▶ [AIM OF THE TASK]: What is needed is the exact text of each line in the listing below from the one with "I could use" up to and including the one with "Check the photo", and no pictures.

▶ [PROVIDED RECORDS]:
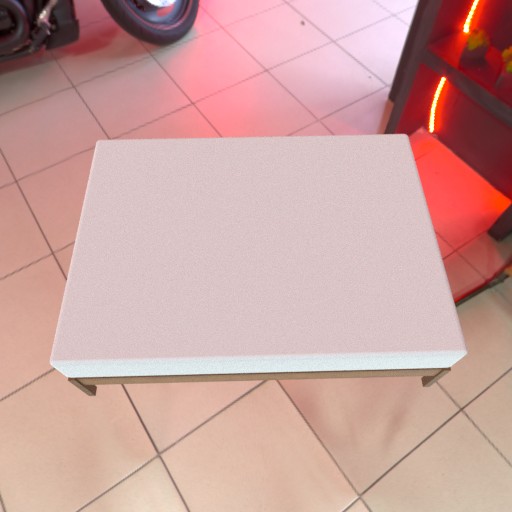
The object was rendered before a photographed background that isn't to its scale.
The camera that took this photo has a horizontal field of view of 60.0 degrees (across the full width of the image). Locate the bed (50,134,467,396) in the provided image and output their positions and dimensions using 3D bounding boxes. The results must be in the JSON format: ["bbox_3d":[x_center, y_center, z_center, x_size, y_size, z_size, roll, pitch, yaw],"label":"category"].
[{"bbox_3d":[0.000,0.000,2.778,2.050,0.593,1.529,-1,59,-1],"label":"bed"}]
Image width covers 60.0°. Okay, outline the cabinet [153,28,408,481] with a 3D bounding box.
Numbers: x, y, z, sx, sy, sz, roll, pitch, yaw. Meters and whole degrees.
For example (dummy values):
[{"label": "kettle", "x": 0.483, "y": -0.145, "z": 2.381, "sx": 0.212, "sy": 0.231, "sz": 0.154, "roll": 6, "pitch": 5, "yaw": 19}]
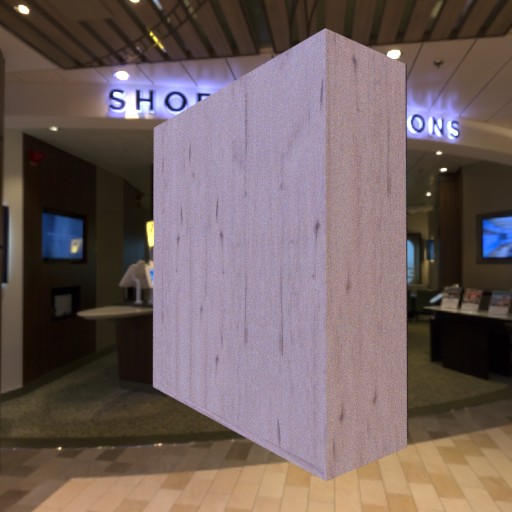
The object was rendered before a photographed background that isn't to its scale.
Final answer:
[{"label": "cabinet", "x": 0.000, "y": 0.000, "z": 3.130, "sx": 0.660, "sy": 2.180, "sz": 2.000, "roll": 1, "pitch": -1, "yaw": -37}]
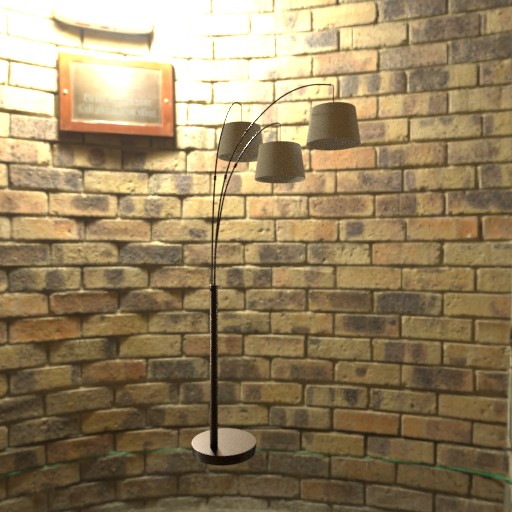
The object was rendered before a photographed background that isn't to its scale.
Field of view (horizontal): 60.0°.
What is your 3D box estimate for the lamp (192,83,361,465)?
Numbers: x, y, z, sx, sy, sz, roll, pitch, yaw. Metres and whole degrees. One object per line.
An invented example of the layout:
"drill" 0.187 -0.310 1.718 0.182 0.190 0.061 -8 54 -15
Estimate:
---
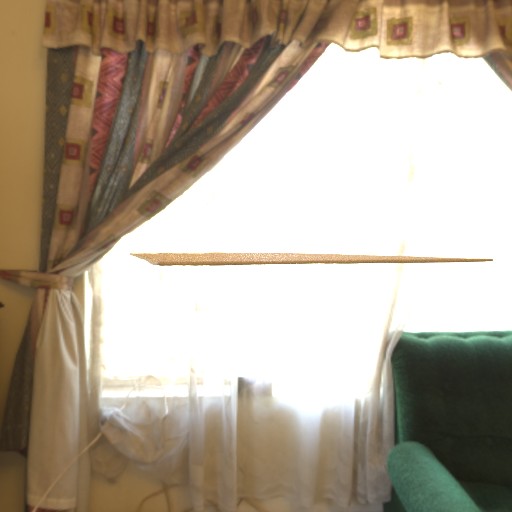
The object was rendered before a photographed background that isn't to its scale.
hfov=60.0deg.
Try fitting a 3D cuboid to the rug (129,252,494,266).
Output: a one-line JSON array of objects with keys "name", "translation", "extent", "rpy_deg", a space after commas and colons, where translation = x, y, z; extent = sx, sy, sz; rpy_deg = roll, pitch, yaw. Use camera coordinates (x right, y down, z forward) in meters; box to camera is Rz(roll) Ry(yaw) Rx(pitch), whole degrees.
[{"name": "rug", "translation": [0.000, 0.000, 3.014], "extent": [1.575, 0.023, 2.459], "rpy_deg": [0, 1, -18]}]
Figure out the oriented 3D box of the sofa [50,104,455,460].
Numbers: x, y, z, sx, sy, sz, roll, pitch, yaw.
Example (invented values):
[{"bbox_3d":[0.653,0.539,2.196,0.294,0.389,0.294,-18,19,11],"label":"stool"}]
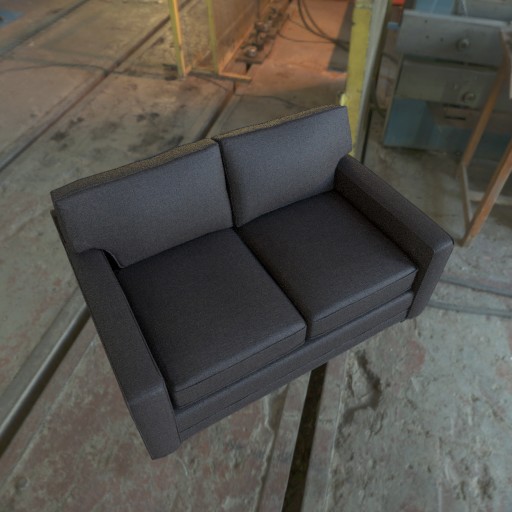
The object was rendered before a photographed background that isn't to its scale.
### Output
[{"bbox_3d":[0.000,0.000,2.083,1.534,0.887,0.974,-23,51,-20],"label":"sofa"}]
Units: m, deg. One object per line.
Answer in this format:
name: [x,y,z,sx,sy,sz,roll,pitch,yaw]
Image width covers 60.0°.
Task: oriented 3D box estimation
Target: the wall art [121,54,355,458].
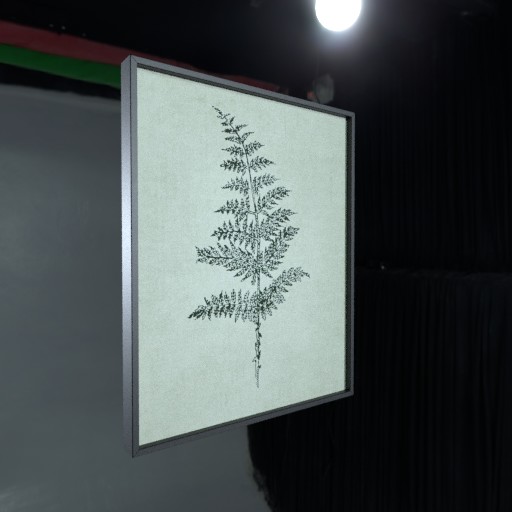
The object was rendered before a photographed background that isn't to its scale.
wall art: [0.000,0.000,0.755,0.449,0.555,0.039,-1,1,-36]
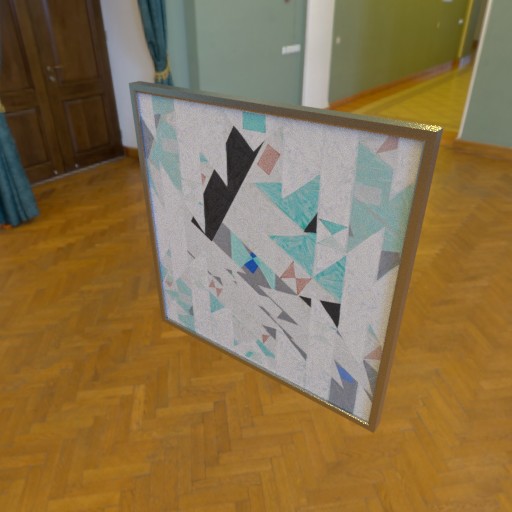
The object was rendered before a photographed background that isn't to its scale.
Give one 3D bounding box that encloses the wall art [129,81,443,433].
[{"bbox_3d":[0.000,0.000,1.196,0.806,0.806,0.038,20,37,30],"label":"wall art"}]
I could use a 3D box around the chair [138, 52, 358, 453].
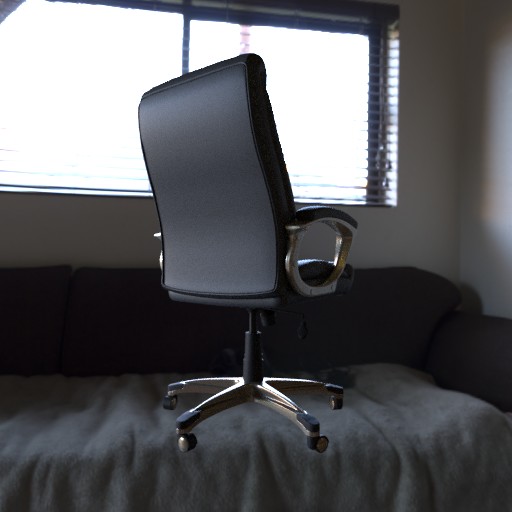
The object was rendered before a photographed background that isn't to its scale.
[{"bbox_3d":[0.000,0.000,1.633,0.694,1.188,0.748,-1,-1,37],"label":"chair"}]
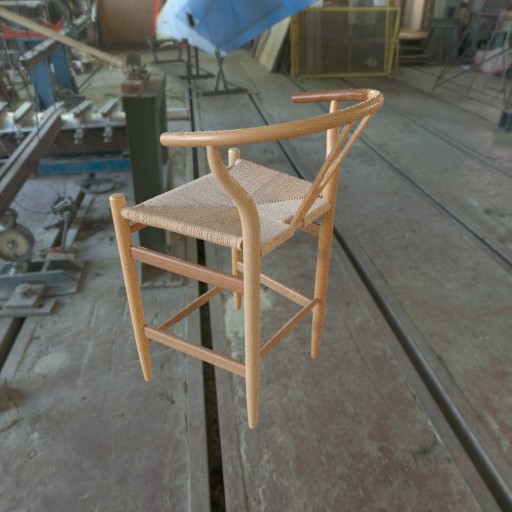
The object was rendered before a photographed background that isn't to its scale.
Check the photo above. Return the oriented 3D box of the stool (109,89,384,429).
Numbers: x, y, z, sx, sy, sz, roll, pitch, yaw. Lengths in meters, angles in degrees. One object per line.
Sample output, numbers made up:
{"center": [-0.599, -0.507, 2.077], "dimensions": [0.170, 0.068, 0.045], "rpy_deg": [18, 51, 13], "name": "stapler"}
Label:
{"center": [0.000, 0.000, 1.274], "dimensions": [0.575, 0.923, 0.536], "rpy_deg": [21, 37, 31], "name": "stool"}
--
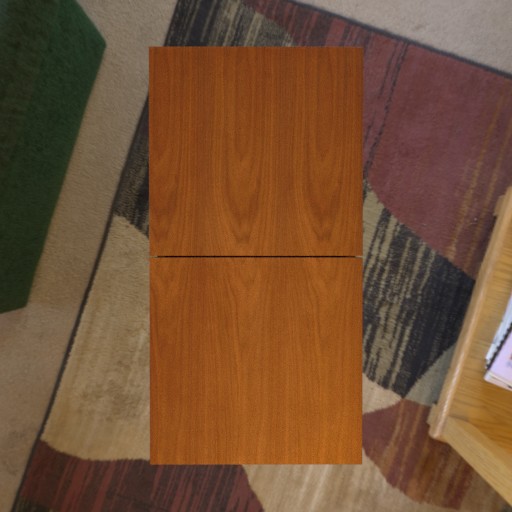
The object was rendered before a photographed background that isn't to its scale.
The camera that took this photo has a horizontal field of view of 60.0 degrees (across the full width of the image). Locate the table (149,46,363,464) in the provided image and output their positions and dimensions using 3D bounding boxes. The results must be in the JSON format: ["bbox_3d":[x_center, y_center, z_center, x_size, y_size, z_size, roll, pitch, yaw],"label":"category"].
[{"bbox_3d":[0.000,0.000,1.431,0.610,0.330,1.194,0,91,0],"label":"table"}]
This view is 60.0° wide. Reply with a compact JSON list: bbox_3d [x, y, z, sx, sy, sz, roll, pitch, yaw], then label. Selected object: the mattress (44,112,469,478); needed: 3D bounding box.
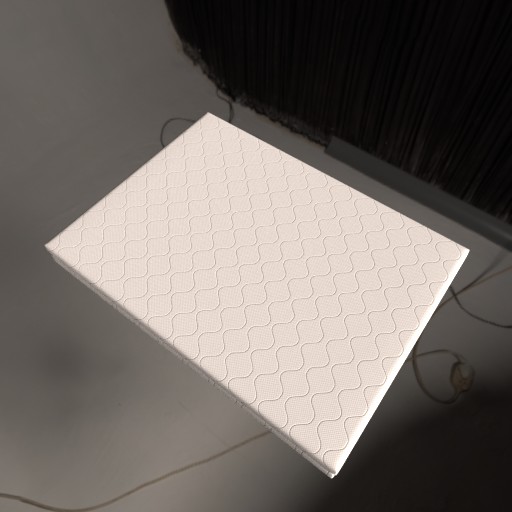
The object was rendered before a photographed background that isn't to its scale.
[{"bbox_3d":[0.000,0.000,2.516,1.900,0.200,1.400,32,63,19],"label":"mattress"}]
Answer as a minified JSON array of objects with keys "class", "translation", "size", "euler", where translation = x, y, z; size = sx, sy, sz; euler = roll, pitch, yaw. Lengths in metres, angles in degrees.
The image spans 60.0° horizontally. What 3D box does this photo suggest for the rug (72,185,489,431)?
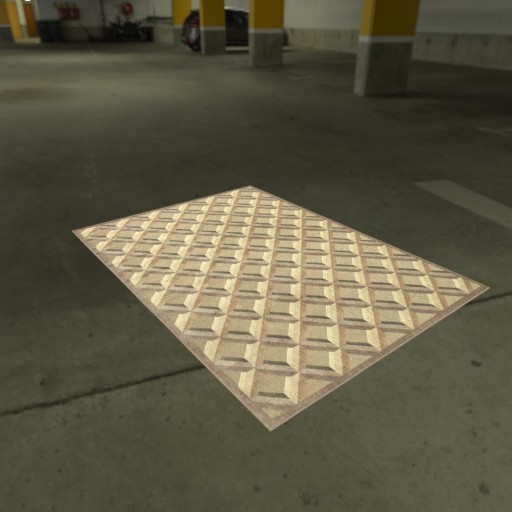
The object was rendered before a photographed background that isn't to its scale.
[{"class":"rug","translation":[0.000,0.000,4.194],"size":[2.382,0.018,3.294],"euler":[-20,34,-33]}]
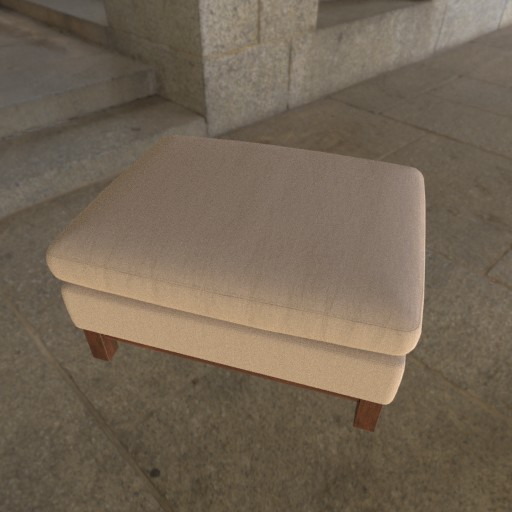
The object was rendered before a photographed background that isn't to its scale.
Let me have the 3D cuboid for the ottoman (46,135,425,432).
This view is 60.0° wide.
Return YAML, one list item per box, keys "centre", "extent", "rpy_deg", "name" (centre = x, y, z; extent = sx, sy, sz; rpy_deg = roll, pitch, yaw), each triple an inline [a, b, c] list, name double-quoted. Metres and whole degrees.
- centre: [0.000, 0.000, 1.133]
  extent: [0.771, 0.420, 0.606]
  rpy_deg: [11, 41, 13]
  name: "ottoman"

▶ [FINAL ANSWER]:
I could use a 3D box around the chair [138, 52, 358, 453].
The object was rendered before a photographed background that isn't to its scale.
[{"bbox_3d":[0.000,0.000,1.633,0.694,1.188,0.748,-1,-1,37],"label":"chair"}]
The object was rendered before a photographed background that isn't to its scale.
Check the photo above. Return the oriented 3D box of the stool (109,89,384,429).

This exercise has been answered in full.